CREATIVE DRAMATICS (K-6)
"Creative Dramatics" is structured, goal-oriented playing. Through Creative Dramatics (CD) we help the kids explore their imaginations, learn how to communicate ideas, and learn how to feel comfortable with themselves and their role in society. The emphasis is on creation--not performance. Our belief is that sometime around the 2nd or 3rd grade, society conditions children into not utilizing their imaginations--it stresses rational and logical thinking. Through CD, we try to keep them in touch with their imagination (or help the older ones remember how to use it again). Through the use of the following formats, we explore, experiment with, and explain how important our imaginations are, and suggest how to better communicate with others. Typical Workshop Outline Grades 1-5 [Approx session length:  30-45 min] If the workshop takes place BEFORE the kids see the show that evening, we want to turn them on to us so they will get their parents to bring them to the show.

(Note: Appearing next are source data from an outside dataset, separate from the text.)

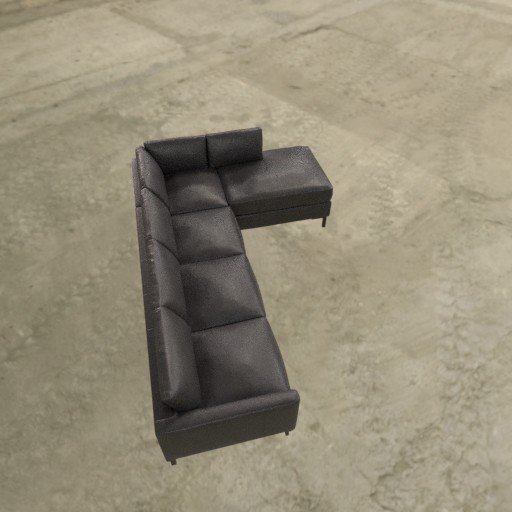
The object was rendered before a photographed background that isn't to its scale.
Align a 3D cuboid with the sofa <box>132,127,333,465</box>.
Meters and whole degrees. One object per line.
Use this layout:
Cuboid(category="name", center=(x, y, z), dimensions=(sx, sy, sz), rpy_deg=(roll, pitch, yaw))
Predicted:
Cuboid(category="sofa", center=(0.000, 0.000, 3.894), dimensions=(1.938, 0.877, 2.984), rpy_deg=(-10, 47, -10))
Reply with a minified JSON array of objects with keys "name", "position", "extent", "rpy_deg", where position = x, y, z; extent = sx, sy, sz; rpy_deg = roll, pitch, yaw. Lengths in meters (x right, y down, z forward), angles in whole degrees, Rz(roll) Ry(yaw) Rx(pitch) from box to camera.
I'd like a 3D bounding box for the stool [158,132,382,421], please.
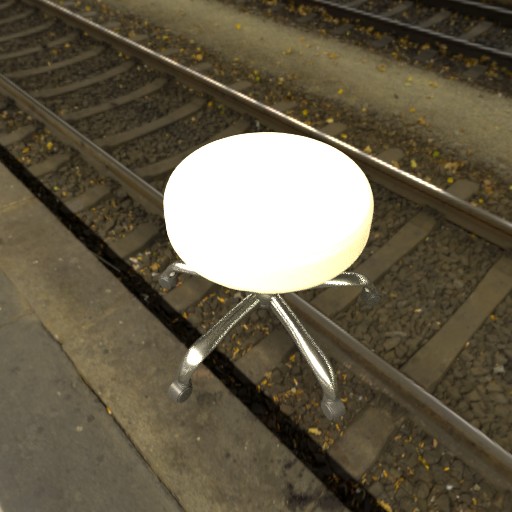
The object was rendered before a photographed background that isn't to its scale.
[{"name":"stool","position":[0.000,0.000,1.062],"extent":[0.614,0.482,0.634],"rpy_deg":[18,48,17]}]
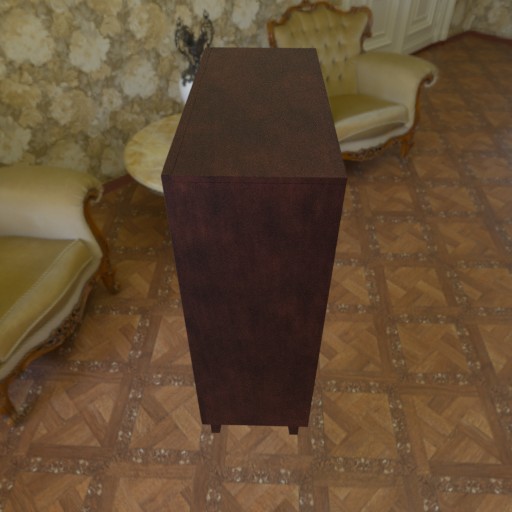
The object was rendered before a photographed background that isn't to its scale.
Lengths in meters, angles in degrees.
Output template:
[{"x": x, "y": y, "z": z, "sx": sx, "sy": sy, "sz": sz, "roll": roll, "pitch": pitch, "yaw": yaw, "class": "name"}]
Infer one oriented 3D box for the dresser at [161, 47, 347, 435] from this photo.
[{"x": 0.000, "y": 0.000, "z": 2.065, "sx": 0.506, "sy": 1.514, "sz": 1.072, "roll": 1, "pitch": 42, "yaw": 1, "class": "dresser"}]
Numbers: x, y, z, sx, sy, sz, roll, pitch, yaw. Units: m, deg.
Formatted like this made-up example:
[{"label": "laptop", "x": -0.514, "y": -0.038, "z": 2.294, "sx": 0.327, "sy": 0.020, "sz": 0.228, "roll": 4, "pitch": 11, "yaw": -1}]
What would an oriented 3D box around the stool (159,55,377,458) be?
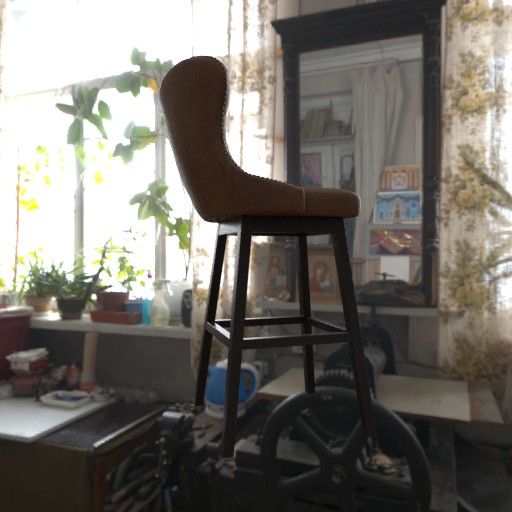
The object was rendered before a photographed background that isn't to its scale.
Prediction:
[{"label": "stool", "x": 0.000, "y": 0.000, "z": 1.408, "sx": 0.601, "sy": 1.050, "sz": 0.528, "roll": 0, "pitch": 1, "yaw": -18}]
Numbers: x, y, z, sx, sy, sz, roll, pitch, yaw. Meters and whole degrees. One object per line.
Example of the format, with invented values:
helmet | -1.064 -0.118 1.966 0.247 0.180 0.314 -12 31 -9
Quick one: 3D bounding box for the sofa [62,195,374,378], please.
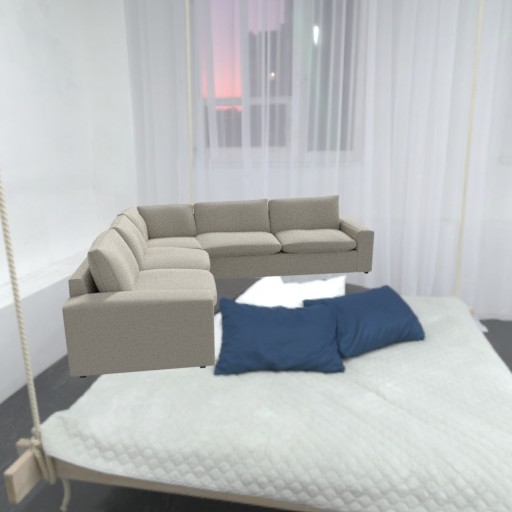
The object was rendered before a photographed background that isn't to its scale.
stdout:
sofa | 0.000 0.000 4.775 3.206 0.918 3.066 -2 15 -9
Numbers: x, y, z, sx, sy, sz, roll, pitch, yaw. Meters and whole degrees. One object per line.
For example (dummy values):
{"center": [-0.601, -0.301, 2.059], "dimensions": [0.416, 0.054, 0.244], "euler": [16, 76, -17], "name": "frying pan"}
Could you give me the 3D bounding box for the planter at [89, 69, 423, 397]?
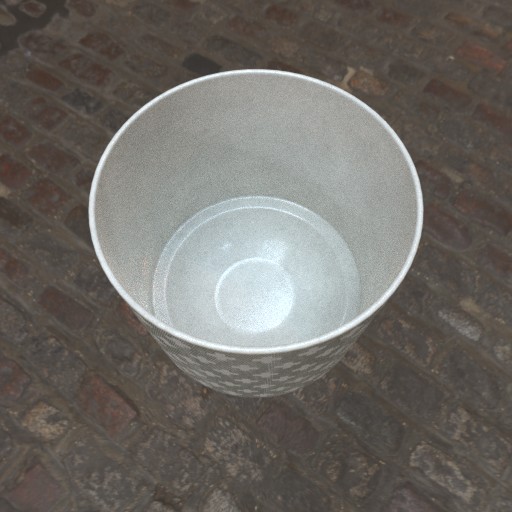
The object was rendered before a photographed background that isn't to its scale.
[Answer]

PRE-WORKSHOP: Introduce yourselves to the teacher, encourage them to sit in on the session. Arrange the space for the workshop (desks against wall, etc).

  1.  INTRODUCTION   
    1.  Welcome
    2.  Introduce yourselves 
    3.  If they will be seeing a show, talk about it-- get them excited.
  2. AUDIENCE ETIQUETTE   
    1. Social environments/school/church   
    2. Film/TV   
    3.  Stage
  3.  TOOLS   
    1. What do kids' parents do for a living?

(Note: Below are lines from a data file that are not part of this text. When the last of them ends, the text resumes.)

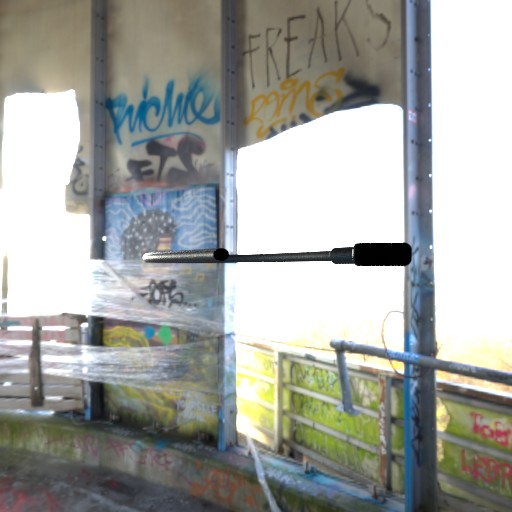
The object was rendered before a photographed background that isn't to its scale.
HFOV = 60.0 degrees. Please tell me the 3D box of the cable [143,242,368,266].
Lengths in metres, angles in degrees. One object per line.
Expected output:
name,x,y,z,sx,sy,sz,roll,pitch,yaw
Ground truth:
cable,0.000,0.000,0.114,0.040,0.006,0.098,1,-2,-36
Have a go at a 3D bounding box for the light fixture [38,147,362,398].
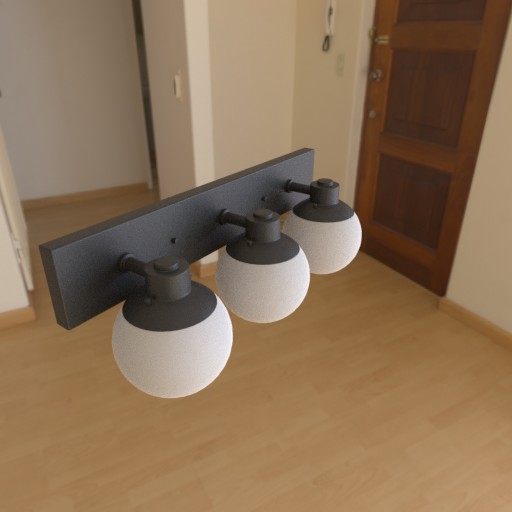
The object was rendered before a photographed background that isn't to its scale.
[{"bbox_3d":[0.000,0.000,0.870,0.218,0.263,0.721,18,32,32],"label":"light fixture"}]
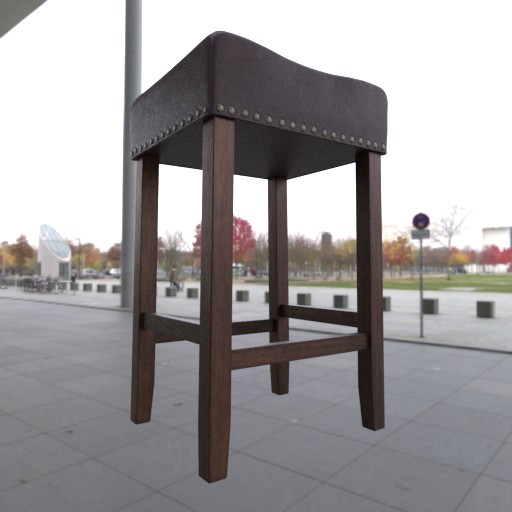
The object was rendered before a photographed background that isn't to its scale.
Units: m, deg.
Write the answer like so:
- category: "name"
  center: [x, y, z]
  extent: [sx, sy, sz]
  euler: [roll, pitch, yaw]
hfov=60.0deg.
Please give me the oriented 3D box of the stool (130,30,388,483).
- category: "stool"
  center: [0.000, 0.000, 1.021]
  extent: [0.465, 0.769, 0.401]
  euler: [1, -2, -35]
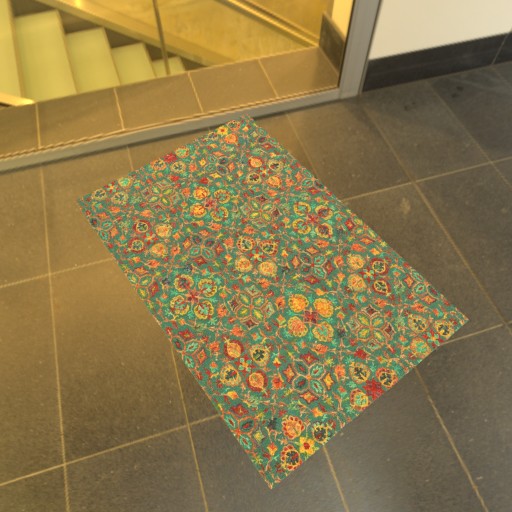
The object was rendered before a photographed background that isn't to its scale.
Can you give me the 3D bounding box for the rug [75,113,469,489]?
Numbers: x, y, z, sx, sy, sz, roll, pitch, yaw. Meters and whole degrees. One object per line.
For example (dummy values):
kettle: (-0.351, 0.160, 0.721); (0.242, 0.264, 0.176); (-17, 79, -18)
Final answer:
rug: (0.000, 0.000, 2.934); (1.527, 0.016, 2.290); (-33, 64, -18)
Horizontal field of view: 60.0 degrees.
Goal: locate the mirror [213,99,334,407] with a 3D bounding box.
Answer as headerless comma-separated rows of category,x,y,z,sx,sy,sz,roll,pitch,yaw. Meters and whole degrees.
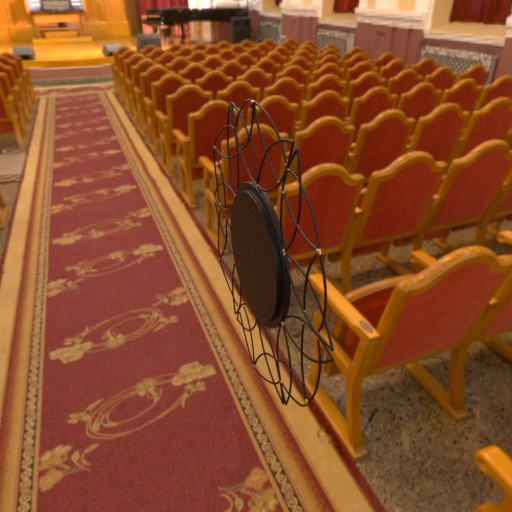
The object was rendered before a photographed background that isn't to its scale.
mirror,0.000,0.000,1.145,0.028,0.775,0.797,-11,32,-18

    2.  Pick 2 or 3 parents' jobs and solicit tools they use in their jobs
    3.  Ask what tools actors use
    4.  Stress:  Voice, Body, Creative Imagination (mind, brain, etc)

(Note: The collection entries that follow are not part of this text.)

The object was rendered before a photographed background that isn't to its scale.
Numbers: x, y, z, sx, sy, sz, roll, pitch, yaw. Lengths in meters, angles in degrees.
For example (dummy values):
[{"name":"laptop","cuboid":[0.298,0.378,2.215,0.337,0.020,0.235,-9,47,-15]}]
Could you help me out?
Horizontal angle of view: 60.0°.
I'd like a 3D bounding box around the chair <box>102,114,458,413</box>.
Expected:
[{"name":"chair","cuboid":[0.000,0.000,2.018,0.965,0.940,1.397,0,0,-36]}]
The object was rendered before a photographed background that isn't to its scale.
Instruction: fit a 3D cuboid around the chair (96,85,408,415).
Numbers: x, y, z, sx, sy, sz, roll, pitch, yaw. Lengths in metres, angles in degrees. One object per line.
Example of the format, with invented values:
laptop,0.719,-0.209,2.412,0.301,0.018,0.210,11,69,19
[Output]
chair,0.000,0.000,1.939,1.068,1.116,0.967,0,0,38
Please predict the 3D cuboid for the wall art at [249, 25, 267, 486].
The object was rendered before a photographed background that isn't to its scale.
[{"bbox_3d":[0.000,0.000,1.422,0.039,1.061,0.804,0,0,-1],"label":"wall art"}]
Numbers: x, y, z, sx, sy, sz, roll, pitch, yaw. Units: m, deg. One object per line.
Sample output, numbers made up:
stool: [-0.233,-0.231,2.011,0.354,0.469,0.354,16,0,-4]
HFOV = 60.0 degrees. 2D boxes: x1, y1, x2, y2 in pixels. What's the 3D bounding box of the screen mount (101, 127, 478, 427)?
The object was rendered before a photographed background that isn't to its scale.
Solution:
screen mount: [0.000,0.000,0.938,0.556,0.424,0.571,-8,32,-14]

  4. WALK    a Normal, rope attached to top of head, nose, shoulders, chest, belly button, hips, knees, toes    b Sit them down and ask:       1 What kind of animals walk each way?       2 What kind of people walk each way?
  5.  FAVORITE ANIMALS
  6.  FAVORITE COLOR
  7.  FIRST SOUND IN THE MORNING
  8.  CHARACTER WALKS
    1.  Have them walk like: baby, old person, monkey, tight wire walker, etc
  9.  QUESTIONS & ANSWERS
  10.  CONCLUSION
    1.  Wrap up
    2.  Reiteration
    3.  Actors tools
    4.  Stage etiquette
    5.  Remind them about the show that night
    6.  Goodbye

CREATIVE DRAMATICS FORMATS

  1. Actors' Tools: This has evolved into the cornerstone of this Creative Dramatics Workshop. Have the kids sit in a circle around you. Explain that everyone uses "tools" to do their work. Go around the class and ask the students to tell you what their parents do for a living. Rarely do kids refuse to participate in this. Be impressed with all of the responses — but don't patronize and don't let them think you're more impressed with someone who's a doctor than someone who's a janitor. Pick out one of the parent's jobs and ask the class "What kind of tools do they use to do their job?" Go around the circle for answers. Again, try to justify every seemingly incorrect answer. It's nice if one of the leaders asks the questions and the other writes the student's responses on the blackboard. Do this with two or three different jobs. Doctors, Mechanics, Carpenters (sometimes confused with CARPETERS), and teachers make good examples. Next, ask them what kind of tools they think ACTORS use. You'll get: props, make-up, swords, costumes, etc. Those are all good, but ask them to think of ones the actor is born with. What we're after is BODY, VOICE, and CREATIVE IMAGINATION (brain). Try to guide them to these--don't just tell them what the three are. If you're using a blackboard, write the three answers prominently on the board. Point out that these are also tools their parents have and use in their work--but they use them in different ways. Explain that we will be exploring how actors use these three tools during the course of the workshop session.  Be sure to review these (and other important things they have learned) at the end of the workshop.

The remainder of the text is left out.